Brown's campaign never followed through with its plans to fire C&E. It's not clear why the campaign backed off. A campaign spokesman declined to explain the decision.

What is clear is that C&E still has the campaign's business—and still owes Leonard and her husband money. (Green paid them $20,000 earlier this year but still owes $15,000.)

Brown's campaign has paid C&E $64,000 since Leonard joined the governor's staff.

Brown took office in February 2015 after her predecessor, Gov. John Kitzhaber, resigned in the midst of an influence-peddling scandal that involved first lady Cylvia Hayes' consulting contracts. Kitzhaber also permitted a tangled relationship between his campaign and state policy regarding fallout from Cover Oregon, the failed health insurance exchange.

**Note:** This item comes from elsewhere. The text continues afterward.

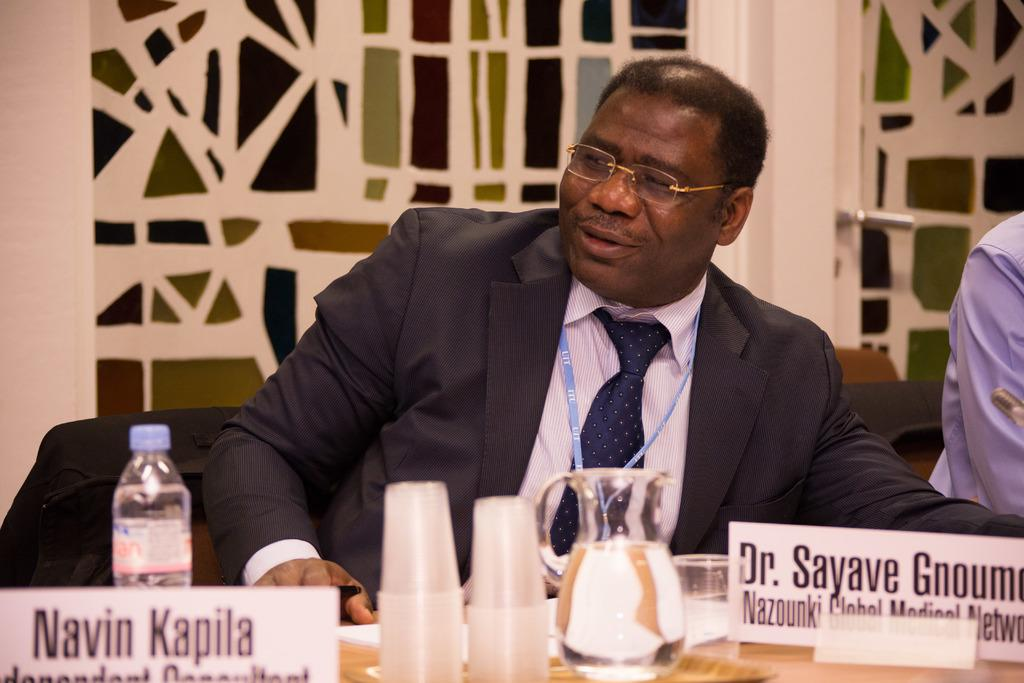What is the man in the image doing? The man is sitting in a chair. What type of clothing is the man wearing? The man is wearing a coat, a tie, and a shirt. What object is in front of the man? There is a water jug in front of the man. What type of dirt can be seen on the man's shoes in the image? There is no dirt visible on the man's shoes in the image. Where did the man go on vacation before the image was taken? There is no information about the man's vacation in the image. Is there a yak present in the image? No, there is no yak present in the image.

Related: In October 2014, WW raised questions about Cylvia Hayes' ethical conflicts.

Brown pledged to clean up Salem and restore transparency to state government.

But the circumstances around the contract with C&E raise questions about how carefully she is policing her top staff and whether her administration is observing the separation between her campaign and state staffs that elections law requires.

Todd Donovan, who teaches political science at Western Washington University, says there should be a clear separation between a governor's staff and campaign decisions. "There's a perception issue there," Donovan says. "Aren't there any other firms the campaign could have used?"

Leonard says she knew the campaign was considering replacing C&E but says she wasn't involved. "I told them, 'Make sure and talk to the governor and that she's OK with it,'" Leonard recalls.

(Courtesy Kirsten Leonard) Kristen Leonard (Courtesy Kristen Leonard)

But a former staffer says five months later Brown was displeased with the contractor.

Michael Kolenc, who was hired in May to manage Brown's campaign, says Brown told him this summer she thought C&E was charging too much in fees.

"The governor was very unhappy with the amount of money we were paying C&E, and she authorized me to negotiate a lower payment or make a change," Kolenc says. He says C&E did subsequently lower its charges.

Campaign spokesman Chris Pair declined to answer questions about Brown's involvement in the decision.

"Gov. Brown does not directly weigh in on day-to-day campaign decisions regarding routine vendor contracts and services," Pair said in a statement.

Kolenc was fired last month. Leonard says she was involved in that decision.

"He lacked the experience we needed," Leonard says.

Even that level of involvement concerns observers.

"It is problematic when you have a highly placed member of the governor's staff—who's involved in policy and whose salary is paid for by taxpayers' money—involved in the governor's political campaign," says Hana Callaghan, director of government ethics at the Markkula Center at Santa Clara University.

Leonard says she was only vaguely aware that Green owed her money and says she's never talked to him about business since taking her current job.

Records show, however, that Brown is C&E's largest customer. (Brown's relationship with Leonard and C&E goes back years. When Brown's 2008 campaign for secretary of state was low on cash, C&E loaned the campaign $10,000. The company never loaned money to any other candidate.) The possibility of losing Brown's business came at a difficult time. The company makes its money by doing bookkeeping for candidates and ballot measure campaigns, but is facing increased competition.

In the 2016 cycle, for instance, the campaign for ballot Measure 97—the $3 billion corporate tax increase that is expected to be the most expensive campaign in state history—hired a company called Bean Counter Services. In the past, C&E always handled Democratic ballot measures. Several legislative candidates have also moved their business to Bean Counter.

It remains unclear why Brown's campaign agreed to terms with a new company, then failed to follow through.

The owner of that company, Greene Compliance LLC, did not return calls seeking comment.

Pair, Brown's campaign spokesman, offered only a statement praising C&E's "well-known institutional knowledge and robust infrastructure."

Donovan says the whole situation should have been avoided.

"After what happened with the previous administration," Donovan says, "it's completely tone-deaf."